When you provide a dedicated garbage-collection token, the model uses it. Without any training. This suggests the model already “understands” the concept of an attention sink destination — it just needs to be told “use this instead.”

10 neurons control the routing. Out of tens of thousands of parameters, a remarkably small number of neurons mediate this whole phenomenon. This is consistent with other findings in mechanistic interpretability — complex emergent behaviors often trace back to surprisingly local circuits. Superposition, feature geometry, monosemantic neurons. Neural networks apparently encode far more structure than their parameter counts suggest.

Training-free = deployment-friendly. The practical implication is significant. You don’t need to retrain CLIP or DINOv2 to fix their attention maps. You find the 10 neurons, add a zero-initialized token, and you’re done. For vision-language models like LLaVA, this means cleaner cross-modal attention and more interpretable behavior without touching the model weights.

The Connection to LLMs

The attention sink phenomenon isn’t unique to ViTs.

In language models, researchers have known for years that certain tokens — often the first token in a sequence — attract disproportionate attention across all layers. The model routes “junk” attention to these positions rather than distributing it meaninglessly. It’s a parking lot for attention that has nowhere else to go.

The implication from the Berkeley paper: this is a general transformer behavior, not a ViT-specific bug. Any transformer processing long sequences will tend to develop attention sinks. The question is whether those sinks land on useful or useless tokens.

Register tokens (whether in ViTs or hypothetical equivalents in LLMs) don’t eliminate the mechanism — they redirect it. Give the transformer a dedicated garbage bin and it uses it.

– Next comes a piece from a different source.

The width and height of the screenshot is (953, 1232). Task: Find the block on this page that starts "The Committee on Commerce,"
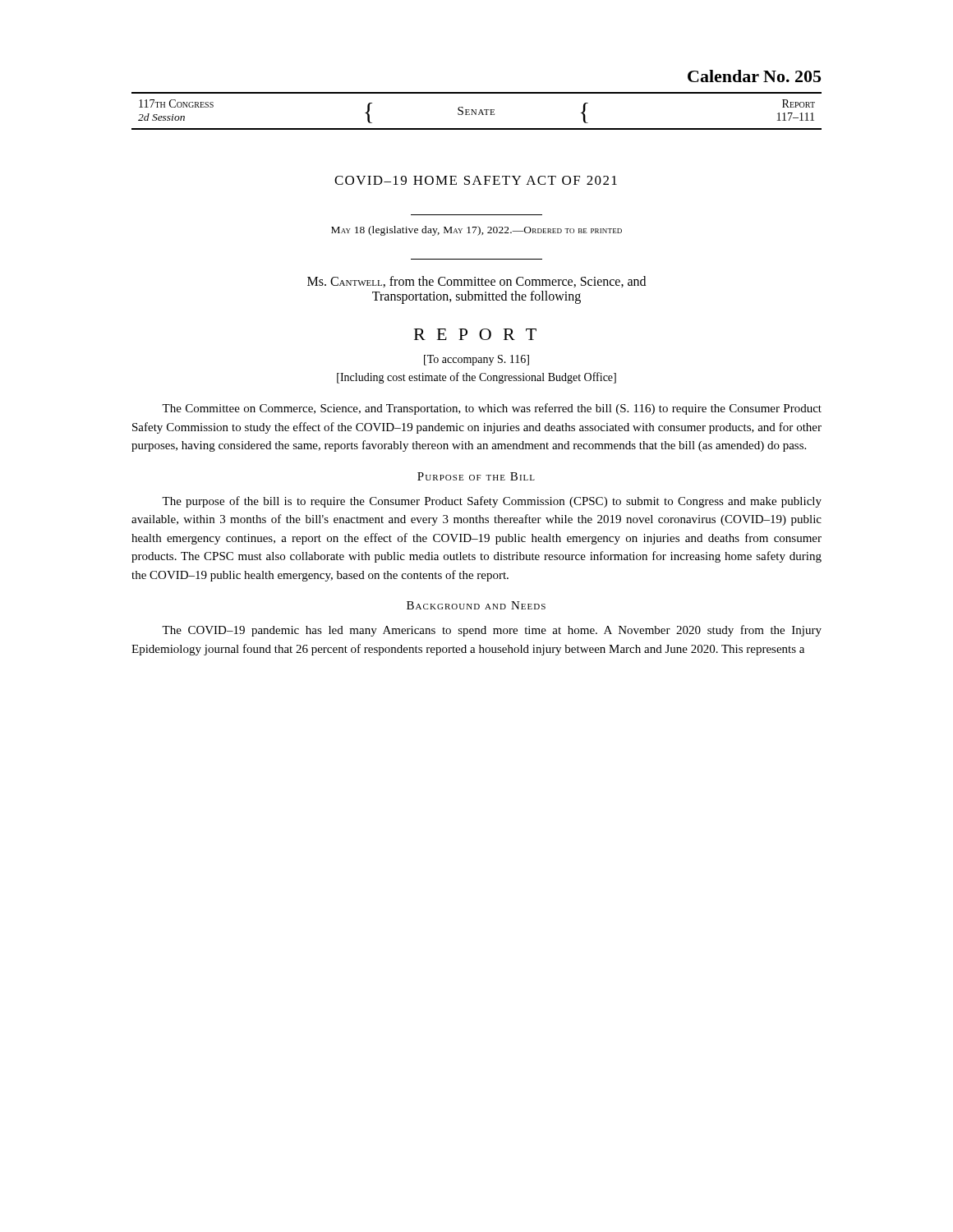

This has implications for how we think about attention mechanisms generally. The “soft attention” of transformers isn’t uniformly distributed across meaningful tokens. A significant fraction of attention budget is consumed by these routing mechanisms. Cleaning them up consistently improves performance on tasks requiring fine-grained attention.

The Finding That Matters

Ten neurons out of 37,000 control where the attention garbage goes.

Fix those 10 neurons at inference time and you fix the whole model’s attention maps. No retraining. No additional parameters. Just a carefully targeted intervention on a microscopic fraction of the network.

This is mechanistic interpretability paying off in a very concrete way. Not “let’s understand what the model is doing out of curiosity” — but “understanding the mechanism lets us fix it without touching the weights.”

That’s the kind of research that actually changes how models get deployed.

Day 44. Sometimes the most elegant engineering solutions are also the most revealing about how systems actually work. 10 neurons out of 37,000. The whole problem in a remarkably small package.